Curious performance of fusion of Numba and pyomp

These two single-threaded functions have unexpected performance: f1 is faster than f0. 1.6x faster on x86-64 CPU, 2.4x faster on aarch64 CPU.

mp.omp_set_num_threads(1)


@nb.njit(fastmath=True)
def f0(img, w, gMin=16):
  peaks = np.zeros((img.size,), dtype='i2')  

  for i in range(2*w+2, img.size-2*w-2):
    gh1 = img[i+1]-img[i] + img[i+1+w]-img[i+w]
    gv1 = img[i+w]-img[i] + img[i+1+w]-img[i+1]

    if abs(gh1) > abs(gv1):
      gh0 = img[i]-img[i-1] + img[i+w]-img[i-1+w]
      gh2 = img[i+2]-img[i+1] + img[i+2+w]-img[i+1+w]

      if (gMin <= gh1 and gh0 < gh1 and gh1 >= gh2) or (-gMin >= gh1 and gh0 > gh1 and gh1 <= gh2):
        peaks[i] = gh1 + max(0, gh0) + max(0, gh2)
    else:
      gv0 = img[i]-img[i-w] + img[i+1]-img[i+1-w]
      gv2 = img[i+2*w]-img[i+w] + img[i+1+2*w]-img[i+1+w]

      if (gMin <= gv1 and gv0 < gv1 and gv1 >= gv2) or (-gMin >= gv1 and gv0 > gv1 and gv1 <= gv2):
        peaks[i] = -(gh1 + max(0, gh0) + max(0, gh2))

  return peaks


@nb.njit(fastmath=True)
def f1(img, w, gMin=16):
  peaks = np.zeros((img.size,), dtype='i2')  

  with openmp("parallel for"):
    for i in range(2*w+2, img.size-2*w-2):
      gh1 = img[i+1]-img[i] + img[i+1+w]-img[i+w]
      gv1 = img[i+w]-img[i] + img[i+1+w]-img[i+1]

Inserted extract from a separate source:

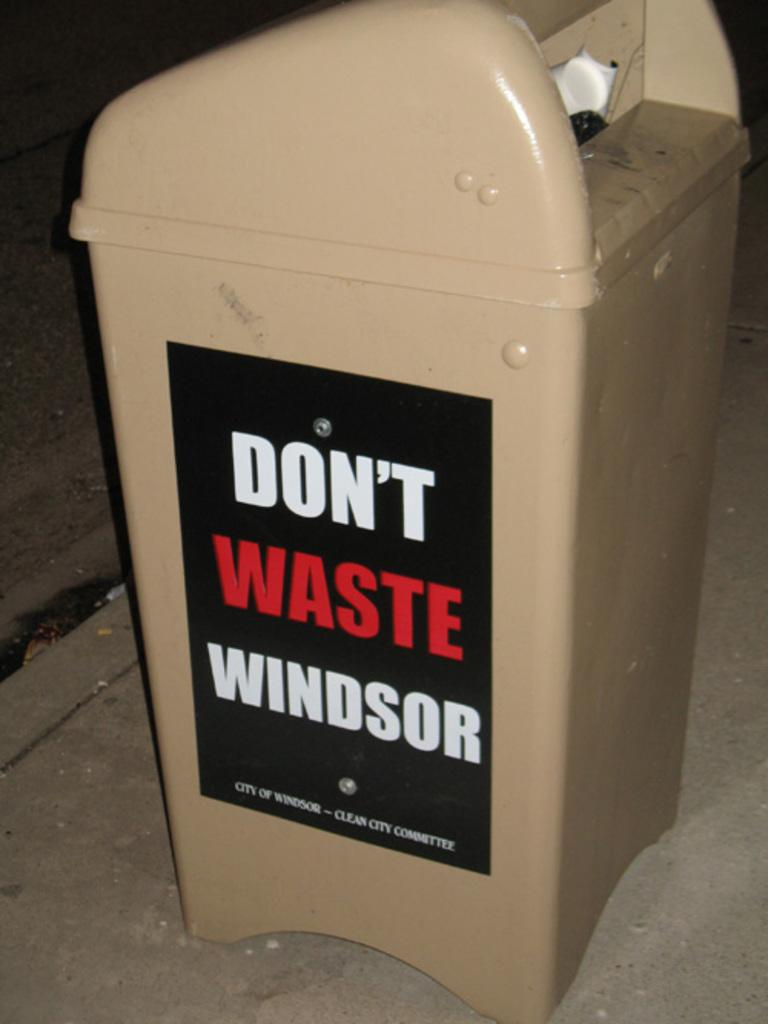Provide a one-sentence caption for the provided image. A trash can by the city of Windsor with an add on the side. 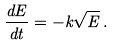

      if abs(gh1) > abs(gv1):
        gh0 = img[i]-img[i-1] + img[i+w]-img[i-1+w]
        gh2 = img[i+2]-img[i+1] + img[i+2+w]-img[i+1+w]

        if (gMin <= gh1 and gh0 < gh1 and gh1 >= gh2) or (-gMin >= gh1 and gh0 > gh1 and gh1 <= gh2):
          peaks[i] = gh1 + max(0, gh0) + max(0, gh2)
      else:
        gv0 = img[i]-img[i-w] + img[i+1]-img[i+1-w]
        gv2 = img[i+2*w]-img[i+w] + img[i+1+2*w]-img[i+1+w]

        if (gMin <= gv1 and gv0 < gv1 and gv1 >= gv2) or (-gMin >= gv1 and gv0 > gv1 and gv1 <= gv2):
          peaks[i] = -(gh1 + max(0, gh0) + max(0, gh2))

  return peaks

Full code on python-benchmarks/so-6.py at main · pauljurczak/python-benchmarks · GitHub . Benchmark is run with taskset -c 5 python ./so-6.py.

f1 uses more SIMD registers on x86-64 CPU than f0: 12 x XMM and 10 x YMM vs. 6 x XMM and 6 x YMM. Surprisingly, no difference on aarch64.

Surprisingly, with openmp("parallel for") directive works inside @nb.njit function.